Is Buying Stocks Gambling?

I spent many years employed as a stockbroker.

Because I am a Christian, I was often judged by my well-publicized advice to invest in the Stock Market. In fact, I wrote a popular book, Put Your Money Where Your Heart Is, which focused and taught how to invest in the stock market as well as all the existing public investment markets.

Selling stocks goes back centuries. When companies needed to expand, the banks could not handle the loans required to support expansion because there was not enough money deposited in the banks. Companies then went to the public and sold interests in their businesses called “shares of stock.”

When a person bought a share of stock in a company, he or she was promised part of the profits, if any. These were called dividends. The dividends would be paid on a regular basis as the company shared its profits. Selling shares of stock to the public brought the money into the banks and spread the risk of the business over a wide number of people. In fact, if it weren’t for the stock market, few of us would have jobs because the companies we work for would be out of business or scaling back because of a lack of funds to operate.

People often ask me, “Is playing the stock market gambling?” It can be. When I first became a broker, I quickly learned about the option market—the stock market’s answer to the horse race. When a person buys an option, he does not purchase or sell the stock. Instead he buys a contract and then bets whether the stock will go up or down.

If he bets that the price will fall and then it goes up, he loses money by every dollar the stock raises in price. If he bets the stock goes up and it falls in price, he loses for every dollar the stock goes down even to zero. On the other hand, he can also gain much money if his stock rises, and the profits are unlimited as to how much the stock may rise.
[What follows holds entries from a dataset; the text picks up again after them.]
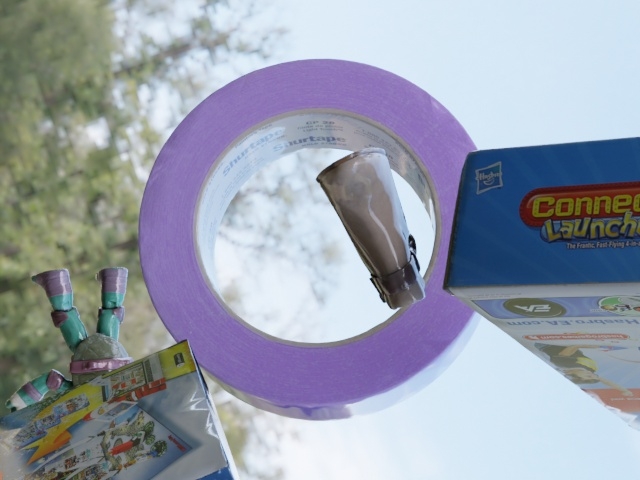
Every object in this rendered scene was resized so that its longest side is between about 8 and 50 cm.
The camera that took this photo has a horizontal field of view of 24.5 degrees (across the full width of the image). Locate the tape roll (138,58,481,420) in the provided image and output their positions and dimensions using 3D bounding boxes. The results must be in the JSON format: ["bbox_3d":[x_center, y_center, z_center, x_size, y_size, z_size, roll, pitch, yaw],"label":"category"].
[{"bbox_3d":[0.000,0.000,1.158,0.090,0.275,0.274,71,-5,-75],"label":"tape roll"}]

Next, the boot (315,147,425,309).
[{"bbox_3d":[0.034,-0.003,0.837,0.118,0.042,0.087,14,55,-81],"label":"boot"}]

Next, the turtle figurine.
[{"bbox_3d":[-0.268,0.150,1.721,0.118,0.175,0.234,-13,-101,42],"label":"turtle figurine"}]

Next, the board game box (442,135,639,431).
[{"bbox_3d":[0.277,0.035,0.846,0.302,0.308,0.086,35,59,-52],"label":"board game box"}]

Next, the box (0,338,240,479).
[{"bbox_3d":[-0.133,0.138,0.865,0.233,0.159,0.044,-128,-165,-74],"label":"box"}]
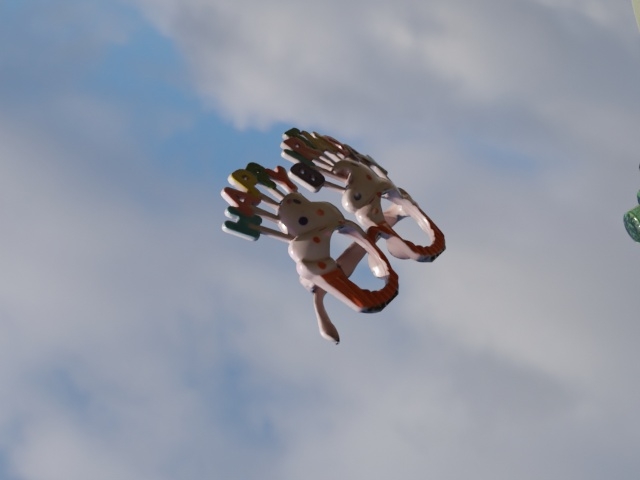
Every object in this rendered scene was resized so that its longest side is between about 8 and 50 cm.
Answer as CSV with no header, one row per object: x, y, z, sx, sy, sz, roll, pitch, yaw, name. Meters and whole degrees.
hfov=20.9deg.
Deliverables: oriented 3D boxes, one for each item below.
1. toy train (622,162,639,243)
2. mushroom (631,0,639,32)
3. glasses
0.344,-0.036,1.369,0.200,0.083,0.132,-29,-134,-13,toy train
0.365,-0.233,1.755,0.100,0.312,0.081,2,-152,45,mushroom
0.000,-0.009,1.399,0.162,0.095,0.255,48,-153,2,glasses

The stock market can also be considered gambling when a person buys a stock and doesn’t know what he is doing or doesn’t listen to a sound researcher’s professional advice. A theory among bona fide financial advisors is: The individual investor making his own choices is wrong 90 percent of the time. It has been my experience that it’s more like 95 percent; especially, for first-time stock pickers who act on a tip they learned from co-workers standing around the water cooler.

The stock market should not be used purely for speculation—although speculating is not wrong. The stock market, however, has outperformed every other investment in total returns since 1936, including real estate. That’s why I do not consider investing in the stock market to be a form of gambling no more than investing in property is a form of gambling. You have to be experienced at investing in either, or you will lose money.
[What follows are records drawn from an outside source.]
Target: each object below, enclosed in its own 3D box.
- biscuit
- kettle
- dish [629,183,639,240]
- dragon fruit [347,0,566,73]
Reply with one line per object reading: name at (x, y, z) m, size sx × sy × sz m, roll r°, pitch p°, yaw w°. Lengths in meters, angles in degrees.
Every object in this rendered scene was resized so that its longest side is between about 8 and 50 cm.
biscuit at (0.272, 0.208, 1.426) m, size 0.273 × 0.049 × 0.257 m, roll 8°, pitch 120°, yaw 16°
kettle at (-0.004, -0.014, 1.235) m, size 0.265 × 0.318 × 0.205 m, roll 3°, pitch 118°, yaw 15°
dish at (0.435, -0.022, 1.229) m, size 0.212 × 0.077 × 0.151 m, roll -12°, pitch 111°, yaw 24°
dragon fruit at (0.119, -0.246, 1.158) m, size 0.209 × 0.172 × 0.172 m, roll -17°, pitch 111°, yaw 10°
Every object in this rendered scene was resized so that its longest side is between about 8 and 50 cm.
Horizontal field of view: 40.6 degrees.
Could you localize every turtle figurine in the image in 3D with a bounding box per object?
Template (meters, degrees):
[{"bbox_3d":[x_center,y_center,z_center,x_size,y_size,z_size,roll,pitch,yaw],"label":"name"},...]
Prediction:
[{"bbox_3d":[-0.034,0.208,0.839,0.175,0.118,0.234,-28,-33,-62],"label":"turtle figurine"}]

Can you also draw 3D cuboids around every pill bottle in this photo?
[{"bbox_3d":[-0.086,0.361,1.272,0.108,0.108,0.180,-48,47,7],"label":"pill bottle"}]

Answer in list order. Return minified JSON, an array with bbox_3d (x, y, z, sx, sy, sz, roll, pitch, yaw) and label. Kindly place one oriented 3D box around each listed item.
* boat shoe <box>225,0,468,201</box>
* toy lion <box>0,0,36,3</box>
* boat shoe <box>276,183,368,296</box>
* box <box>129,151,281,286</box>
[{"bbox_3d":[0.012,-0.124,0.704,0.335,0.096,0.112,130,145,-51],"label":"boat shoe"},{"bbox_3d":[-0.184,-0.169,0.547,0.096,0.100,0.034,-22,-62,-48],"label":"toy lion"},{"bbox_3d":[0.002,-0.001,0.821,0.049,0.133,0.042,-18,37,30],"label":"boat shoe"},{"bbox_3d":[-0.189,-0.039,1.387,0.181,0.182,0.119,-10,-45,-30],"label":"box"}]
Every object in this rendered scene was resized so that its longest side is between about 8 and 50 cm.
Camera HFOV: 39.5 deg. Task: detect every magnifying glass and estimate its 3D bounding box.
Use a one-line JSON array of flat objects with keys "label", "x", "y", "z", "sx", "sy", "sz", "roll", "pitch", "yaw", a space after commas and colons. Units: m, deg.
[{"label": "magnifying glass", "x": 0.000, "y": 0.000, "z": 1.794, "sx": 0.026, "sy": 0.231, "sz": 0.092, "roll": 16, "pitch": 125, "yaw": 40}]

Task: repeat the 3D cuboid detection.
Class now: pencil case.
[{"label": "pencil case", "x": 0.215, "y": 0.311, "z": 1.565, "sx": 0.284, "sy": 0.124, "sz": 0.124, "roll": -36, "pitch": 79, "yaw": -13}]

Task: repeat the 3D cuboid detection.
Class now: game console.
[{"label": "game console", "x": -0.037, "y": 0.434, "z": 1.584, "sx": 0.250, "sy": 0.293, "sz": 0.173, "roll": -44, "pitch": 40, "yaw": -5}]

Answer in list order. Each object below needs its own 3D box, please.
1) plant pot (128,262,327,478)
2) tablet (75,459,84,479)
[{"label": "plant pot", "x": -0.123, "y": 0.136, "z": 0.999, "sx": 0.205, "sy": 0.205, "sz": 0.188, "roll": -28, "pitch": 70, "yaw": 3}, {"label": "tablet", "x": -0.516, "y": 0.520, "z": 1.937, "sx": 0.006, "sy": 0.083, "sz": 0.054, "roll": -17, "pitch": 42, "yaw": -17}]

Now here is some very sound advice taken from many years of experience:

1. Since I have also been to law school, I give legal advice. One of the things that you learn is that people hate lawyers. They also hate stockbrokers, but does that mean every lawyer or broker is sleazy? Of course not, and you would be lost without one in the courtroom, and you should have one in your “court” when you are investing your hard earned cash.
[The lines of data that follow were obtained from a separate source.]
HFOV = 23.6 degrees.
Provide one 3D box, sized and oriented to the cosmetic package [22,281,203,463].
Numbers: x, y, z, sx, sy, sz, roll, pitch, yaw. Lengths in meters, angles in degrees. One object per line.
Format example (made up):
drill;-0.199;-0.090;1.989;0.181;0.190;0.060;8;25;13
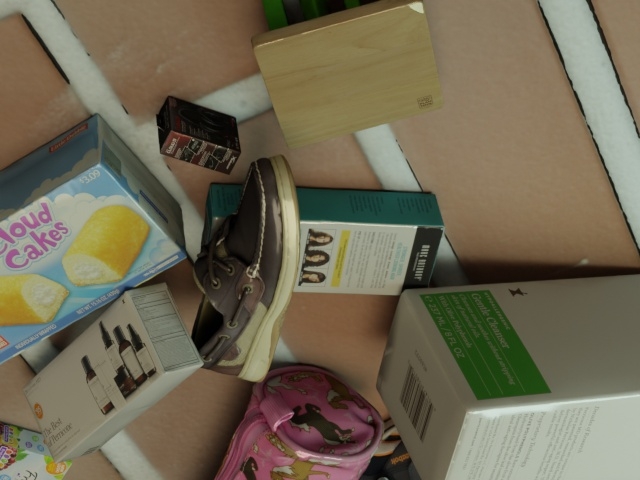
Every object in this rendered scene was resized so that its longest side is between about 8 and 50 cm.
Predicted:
cosmetic package;-0.226;0.144;1.624;0.060;0.099;0.239;-10;157;-44

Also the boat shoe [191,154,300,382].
boat shoe;-0.081;0.036;1.527;0.092;0.103;0.285;-1;136;-14

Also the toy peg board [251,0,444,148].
toy peg board;0.024;-0.184;1.470;0.161;0.079;0.160;-15;146;4

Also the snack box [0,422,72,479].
snack box;-0.366;0.282;1.803;0.100;0.037;0.141;19;124;-25

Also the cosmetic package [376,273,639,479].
cosmetic package;0.269;0.156;1.663;0.366;0.197;0.155;-5;130;-22

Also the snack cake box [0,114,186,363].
snack cake box;-0.287;0.006;1.555;0.264;0.089;0.152;-29;129;14

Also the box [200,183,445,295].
box;0.000;0.000;1.614;0.244;0.060;0.100;2;130;-11

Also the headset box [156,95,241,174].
headset box;-0.124;-0.105;1.507;0.083;0.062;0.032;18;124;-22

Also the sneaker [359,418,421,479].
sneaker;0.133;0.272;1.822;0.126;0.127;0.321;31;120;-31

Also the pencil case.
pencil case;-0.068;0.319;1.808;0.160;0.167;0.386;34;123;9
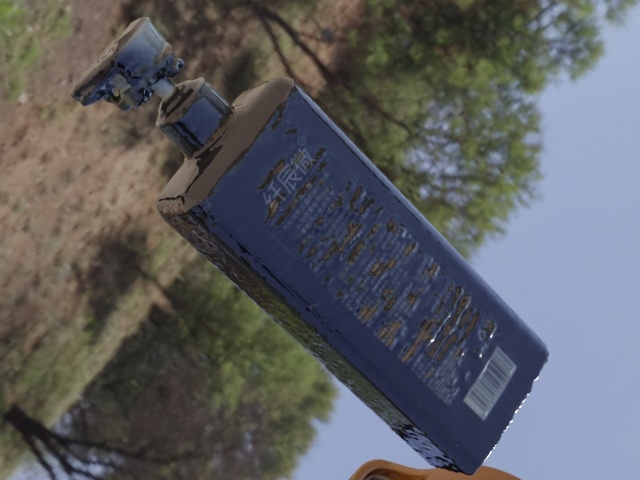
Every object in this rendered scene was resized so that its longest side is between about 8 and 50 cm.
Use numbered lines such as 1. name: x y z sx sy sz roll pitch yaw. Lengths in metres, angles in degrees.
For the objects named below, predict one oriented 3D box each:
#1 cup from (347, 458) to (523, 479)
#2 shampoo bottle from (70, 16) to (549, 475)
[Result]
1. cup: 0.086 0.301 0.895 0.182 0.226 0.264 -56 169 31
2. shampoo bottle: 0.000 -0.001 0.603 0.098 0.309 0.071 -53 -158 -20
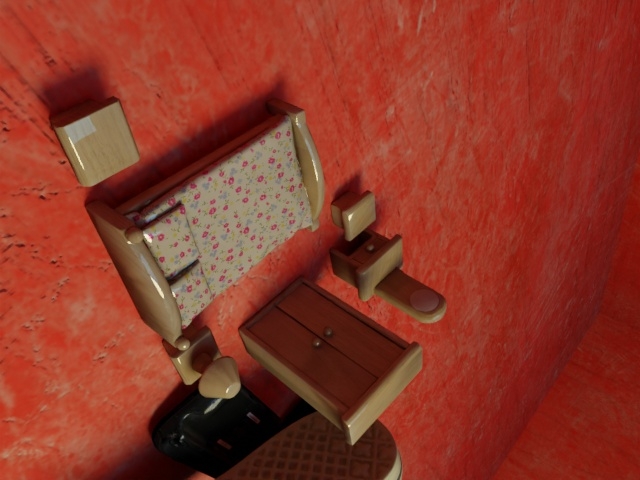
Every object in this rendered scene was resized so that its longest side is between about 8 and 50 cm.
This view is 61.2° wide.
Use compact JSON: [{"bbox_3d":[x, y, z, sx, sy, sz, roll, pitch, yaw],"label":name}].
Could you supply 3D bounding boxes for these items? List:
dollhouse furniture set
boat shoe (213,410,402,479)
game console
[{"bbox_3d":[0.000,0.000,0.491,0.303,0.174,0.355,-39,141,-28],"label":"dollhouse furniture set"},{"bbox_3d":[-0.124,0.341,0.532,0.500,0.187,0.156,-20,128,-32],"label":"boat shoe"},{"bbox_3d":[-0.077,0.256,0.694,0.213,0.044,0.361,-48,145,-16],"label":"game console"}]
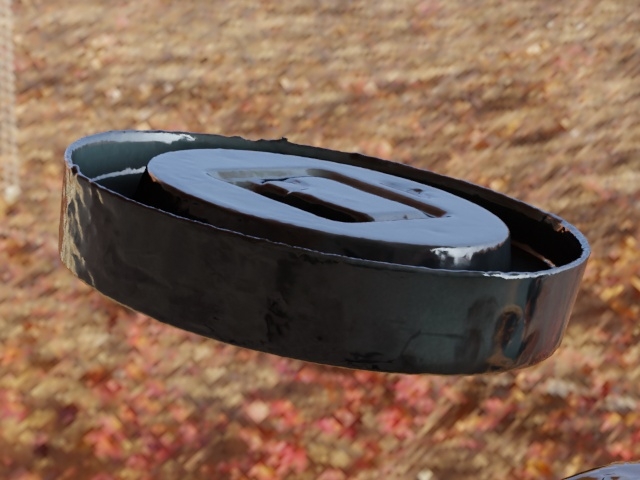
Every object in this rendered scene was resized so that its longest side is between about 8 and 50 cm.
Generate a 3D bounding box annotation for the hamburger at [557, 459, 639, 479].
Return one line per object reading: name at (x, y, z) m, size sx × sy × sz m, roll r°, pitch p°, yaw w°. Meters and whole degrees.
hamburger at (0.164, 0.174, 0.499) m, size 0.319 × 0.319 × 0.158 m, roll 22°, pitch -59°, yaw 30°

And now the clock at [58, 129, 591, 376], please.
clock at (0.001, -0.001, 1.010) m, size 0.319 × 0.319 × 0.066 m, roll 19°, pitch -74°, yaw 33°

2. Avoid discount brokerage firms because you have nearly zero account management, and that increases the risk of losing your money.

3. Pay commissions and keep a professional on the job. When you are buying equity securities without paying commissions to someone who advises you, it is like buying an airplane. The investor buys the plane and does not pay for and does not get the services of a pilot. The question therefore becomes: “Are you absolutely sure you know how to fly this plane?”

Professional advice carries a price tag no matter what its source. That’s why I don’t treat myself medically or defend myself in court. The same principle applies to investors who consider selecting their own stocks, mutual funds, or bonds.

If you are not experienced enough to know all the ins and outs of the simple investment tips that I’m providing here, then you probably should not be buying your investments directly.

You could be gambling with your own future.